**WHAT THE TASK ASKS:** Transcribe only what runs from the line including "Lens: 67.6° across" through the last line of the entries, exactly as it appears.

BEGIN EXERCISE MATERIALS

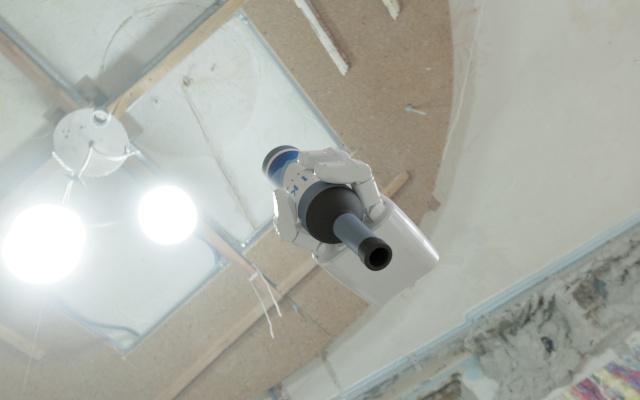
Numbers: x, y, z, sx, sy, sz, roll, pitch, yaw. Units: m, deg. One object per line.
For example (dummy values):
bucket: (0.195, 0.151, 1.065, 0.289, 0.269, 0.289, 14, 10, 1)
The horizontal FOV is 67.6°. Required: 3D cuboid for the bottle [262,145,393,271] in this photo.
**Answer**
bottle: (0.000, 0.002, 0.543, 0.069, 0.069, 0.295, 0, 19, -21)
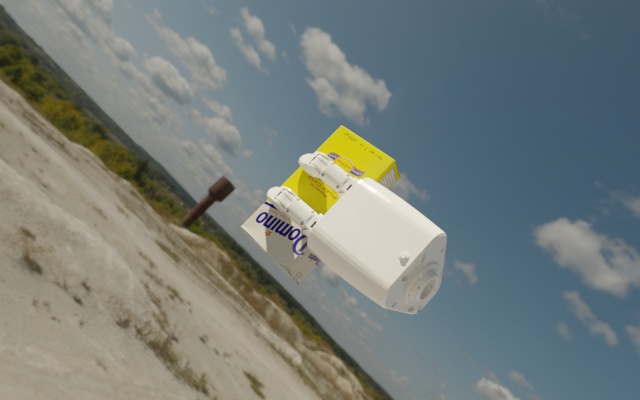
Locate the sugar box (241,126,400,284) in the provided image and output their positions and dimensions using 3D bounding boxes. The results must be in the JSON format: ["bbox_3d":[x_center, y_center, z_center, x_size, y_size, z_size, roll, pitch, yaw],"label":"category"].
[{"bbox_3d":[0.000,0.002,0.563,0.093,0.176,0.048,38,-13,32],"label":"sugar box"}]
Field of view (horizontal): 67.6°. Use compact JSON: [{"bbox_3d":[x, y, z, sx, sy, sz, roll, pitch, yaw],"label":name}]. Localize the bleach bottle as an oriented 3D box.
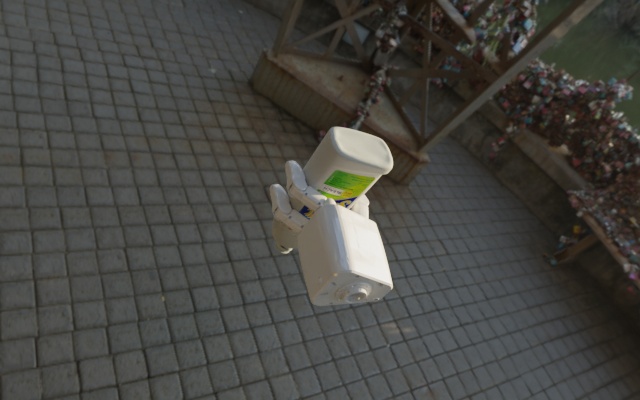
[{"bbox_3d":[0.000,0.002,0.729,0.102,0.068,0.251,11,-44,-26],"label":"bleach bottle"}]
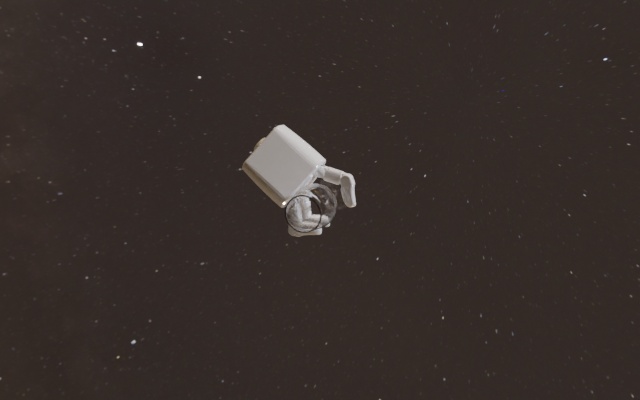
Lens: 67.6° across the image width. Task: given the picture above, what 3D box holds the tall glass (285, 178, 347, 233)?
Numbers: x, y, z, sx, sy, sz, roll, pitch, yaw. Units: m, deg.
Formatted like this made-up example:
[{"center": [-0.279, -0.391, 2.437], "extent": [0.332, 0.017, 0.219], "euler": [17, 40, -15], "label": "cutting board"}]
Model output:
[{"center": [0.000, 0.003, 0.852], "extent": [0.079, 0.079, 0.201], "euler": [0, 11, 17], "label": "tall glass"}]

END EXERCISE MATERIALS

**RESULT:**
Lens: 67.6° across the image width. Task: given the picture above, what 3D box holds the tall glass (285, 178, 347, 233)?
Numbers: x, y, z, sx, sy, sz, roll, pitch, yaw. Units: m, deg.
Formatted like this made-up example:
[{"center": [-0.279, -0.391, 2.437], "extent": [0.332, 0.017, 0.219], "euler": [17, 40, -15], "label": "cutting board"}]
Model output:
[{"center": [0.000, 0.003, 0.852], "extent": [0.079, 0.079, 0.201], "euler": [0, 11, 17], "label": "tall glass"}]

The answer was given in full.